Весельчак покинул дамское общество, лишь когда поезд тронулся. Выложив на стол сторублевку за постельное белье, Лена наконец расслабилась — впервые за эти самые последние дни, во всех смыслах, будь они неладны, и задумалась о том, что происходит и зачем они так скоропостижно едут к родителям в Череповец. Вовка на этот вопрос вразумительного ответа ей так и не дал — лишь взял Лену за локти, когда она уже собиралась раскричаться, и тихо сказал: «Лень, все будэ чотко, я обещаю. Потерпи два дня — и все. Пожалуйста». Сегодня истекал второй день, так что счастье, или как там правильно называется режим, когда все хорошо, подступило совсем уже вплотную.

За размышлениями Лена поначалу не обратила внимания на то, как ее купе становится ареной загадочных рокировок. Сначала Валя, домусолившая подаренную теткой вафлю «Островок», а последние минуты громко считавшая милиционеров за окном, перебралась к ней на полку и принялась пихать Светку в живот — а Светка стоически переносила процедуру, ограничиваясь предупреждениями в виде тощего кулака. Потом тетка, еще раз улыбнувшись — Лена рассеянно кивнула в ответ, — вдруг сорвалась с места и упорола на голос проводника. Через пару минут она вернулась с каким-то новым лицом, секунду постояла в середке купе, что-то пробормотала и принялась резко выдирать свой чемодан из-под полки. Лена пришла в себя лишь когда соседка, отмахнувшись от помощи Светы, воссоединилась с багажом, еще раз застыла на секунду — на сей раз в дверях — и вдруг исчезла, как сдернутая.

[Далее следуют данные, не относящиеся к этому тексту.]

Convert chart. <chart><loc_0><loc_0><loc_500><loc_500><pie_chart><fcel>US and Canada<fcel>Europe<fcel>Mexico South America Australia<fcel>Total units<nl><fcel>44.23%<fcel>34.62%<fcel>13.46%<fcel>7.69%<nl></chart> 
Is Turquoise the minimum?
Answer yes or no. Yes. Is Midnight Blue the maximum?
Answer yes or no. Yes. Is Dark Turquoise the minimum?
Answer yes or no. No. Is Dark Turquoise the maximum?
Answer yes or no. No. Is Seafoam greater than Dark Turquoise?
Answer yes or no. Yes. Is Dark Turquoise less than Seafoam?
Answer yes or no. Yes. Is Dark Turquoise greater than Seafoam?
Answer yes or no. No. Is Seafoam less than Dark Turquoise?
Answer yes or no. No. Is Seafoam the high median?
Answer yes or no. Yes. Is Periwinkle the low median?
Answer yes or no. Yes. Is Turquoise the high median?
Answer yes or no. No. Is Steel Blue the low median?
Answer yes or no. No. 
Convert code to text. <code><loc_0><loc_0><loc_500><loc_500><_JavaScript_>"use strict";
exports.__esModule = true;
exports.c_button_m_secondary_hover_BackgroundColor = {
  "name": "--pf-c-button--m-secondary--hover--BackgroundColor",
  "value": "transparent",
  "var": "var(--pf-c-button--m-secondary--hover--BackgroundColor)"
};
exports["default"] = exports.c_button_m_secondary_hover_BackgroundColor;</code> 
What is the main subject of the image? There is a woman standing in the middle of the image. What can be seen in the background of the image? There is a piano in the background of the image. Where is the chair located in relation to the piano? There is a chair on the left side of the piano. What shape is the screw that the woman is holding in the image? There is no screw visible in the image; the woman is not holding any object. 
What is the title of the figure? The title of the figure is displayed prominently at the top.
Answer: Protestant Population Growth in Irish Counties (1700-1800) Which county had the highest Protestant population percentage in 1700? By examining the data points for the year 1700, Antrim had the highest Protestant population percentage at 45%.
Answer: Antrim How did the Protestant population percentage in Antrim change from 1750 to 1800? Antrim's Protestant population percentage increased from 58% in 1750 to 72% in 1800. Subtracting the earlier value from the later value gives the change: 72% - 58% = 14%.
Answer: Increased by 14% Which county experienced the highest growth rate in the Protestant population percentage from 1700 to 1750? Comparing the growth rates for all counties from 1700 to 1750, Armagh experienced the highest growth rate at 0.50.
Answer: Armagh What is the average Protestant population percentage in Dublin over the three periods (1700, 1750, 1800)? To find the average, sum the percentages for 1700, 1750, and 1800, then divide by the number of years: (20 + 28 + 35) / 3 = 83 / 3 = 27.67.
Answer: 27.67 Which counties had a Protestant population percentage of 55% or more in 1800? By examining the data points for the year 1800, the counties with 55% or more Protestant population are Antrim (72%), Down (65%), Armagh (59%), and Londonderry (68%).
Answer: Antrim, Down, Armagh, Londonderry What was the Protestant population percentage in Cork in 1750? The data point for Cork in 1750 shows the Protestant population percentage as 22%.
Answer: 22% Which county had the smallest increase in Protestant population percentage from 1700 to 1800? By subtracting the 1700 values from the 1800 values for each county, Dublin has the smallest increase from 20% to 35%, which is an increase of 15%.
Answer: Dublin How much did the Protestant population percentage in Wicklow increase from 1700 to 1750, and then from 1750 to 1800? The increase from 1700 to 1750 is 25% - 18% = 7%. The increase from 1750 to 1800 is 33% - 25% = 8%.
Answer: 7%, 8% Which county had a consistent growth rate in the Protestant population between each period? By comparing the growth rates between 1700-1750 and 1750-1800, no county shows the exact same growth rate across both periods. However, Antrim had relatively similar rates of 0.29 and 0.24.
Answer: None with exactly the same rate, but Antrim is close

— Тетя сикытъ побежауа? — осведомилась Валька.

Лена с недоумением посмотрела на Свету, та честно хлопала голубыми брызгами.

— Мама, что, и тетя сикыть?.. — не унималась Валька.

Лена открыла рот, но высказаться по заявленной теме не успела. В купе заглянул усатый дядька:

— Тук-тук. Нового соседа примете?

Новый сосед, застенчиво улыбаясь, объяснил, что попал в купе с тремя кумушками, которым такой сосед как-то совсем не показался. Вот они его, значит, и… Вы, надеюсь, не выгоните?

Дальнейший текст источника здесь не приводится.